IN THE CASE OF METERED-DOSE OROMUCOSAL SPRAYS AND SUBLINGUAL SPRAYS THAT ARE SUSPENSIONS OR EMULSIONS PROCEED AS FOLLOWS Use an apparatus capable of quantitatively retaining the dose leaving the actuator of the atomizing device. Shake the container for 5 seconds and discharge once to waste. Wait for a minimum of 5 seconds, shake for 5 seconds and discharge again to waste. Repeat this procedure for a further 3 actuations. After 2 seconds, fire 1 dose of the metered-dose spray into the collecting vessel by actuating the atomising device. Collect the contents of the collecting vessel by successive rinses. Determine the content of active substance in the combined rinses. Repeat the procedure for a further 9 containers. Determine the content uniformity (Appendix 4.28).

            Weight variation Metered-dose oromucosal sprays and sublingual sprays that are solutions comply with the following test. Discharge once to waste. Wait for a minimum of 5 seconds, shake for 5 seconds and discharge again to waste. Repeat this procedure for a further 3 actuations. Weigh the container, discharge once to waste and weigh the container again. Calculate the difference between the 2 weights. Repeat the procedure for a further 9 containers.
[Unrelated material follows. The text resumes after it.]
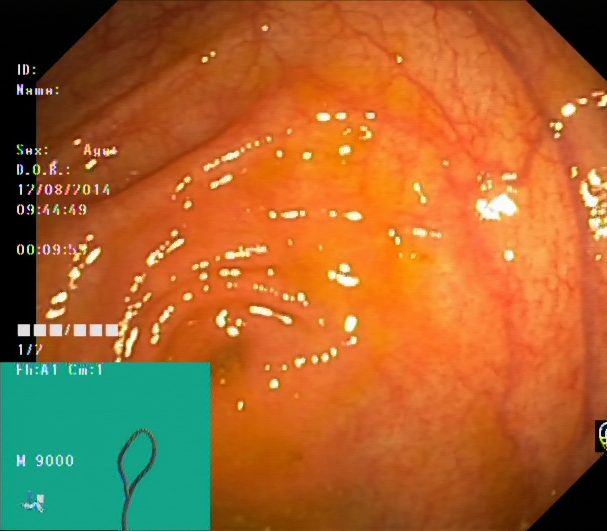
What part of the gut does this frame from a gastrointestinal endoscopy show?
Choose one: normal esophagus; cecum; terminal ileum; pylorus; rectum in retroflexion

cecum

             The preparation complies with the test if maximum 2 of the individual values deviate by more than 25 per cent from the average value and none deviates by more than 35 per cent.

             Uniformity of delivered dose Metered-dose oromucosal sprays and sublingual sprays that are suspensions or emulsions comply with the following test. Use an apparatus capable of quantitatively retaining the dose leaving the actuator of the atomizing device. Shake the container for 5 seconds and discharge once to waste. Wait for a minimum of 5 seconds, shake for 5 seconds and discharge again to waste. Repeat this procedure for a further 3 actuations. After 2 seconds, fire 1 dose of the metered-dose spray into the collecting vessel by actuating the atomizing device. Collect the contents of the collecting vessel by successive rinses. Determine the content of active substance in the combined rinses. Repeat the procedure for a further 9 containers.

             Unless otherwise justified and authorized, the preparation complies with the test if maximum 1 of the individual contents is outside the limits of 75 per cent to 125 per cent and none is outside the limits of 65 per cent to 135 per cent of the average content.

             If 2 or maximum 3 individual contents are outside the limits of 75 per cent to 125 per cent but within the limits of 65 per cent to 135 per cent, repeat the test for 20 more containers. The preparation complies with the test if maximum 3 individual contents of the 30 individual contents are outside the limits of 75 per cent to 125 per cent and none is outside the limits of 65 per cent to 135 per cent of the average content.

Lozenges and Pastilles

             Lozenges and pastilles are solid, single-dose preparations intended to be sucked to obtain, usually, a local effect in the oral cavity and the throat. They contain one or more active substances, usually in a flavoured and sweetened base, and are intended to dissolve or disintegrate slowly in the mouth when sucked. Lozenges are hard preparations prepared by moulding. Pastilles are soft, flexible preparations prepared by moulding of mixtures containing natural or synthetic polymers or gums and sweeteners.

Compressed Lozenges

             Compressed lozenges are solid, single-dose preparations intended to be sucked to obtain a local or systemic effect. They are prepared by compression and are often rhomboid in shape. Compressed lozenges conform with the general definition of tablets.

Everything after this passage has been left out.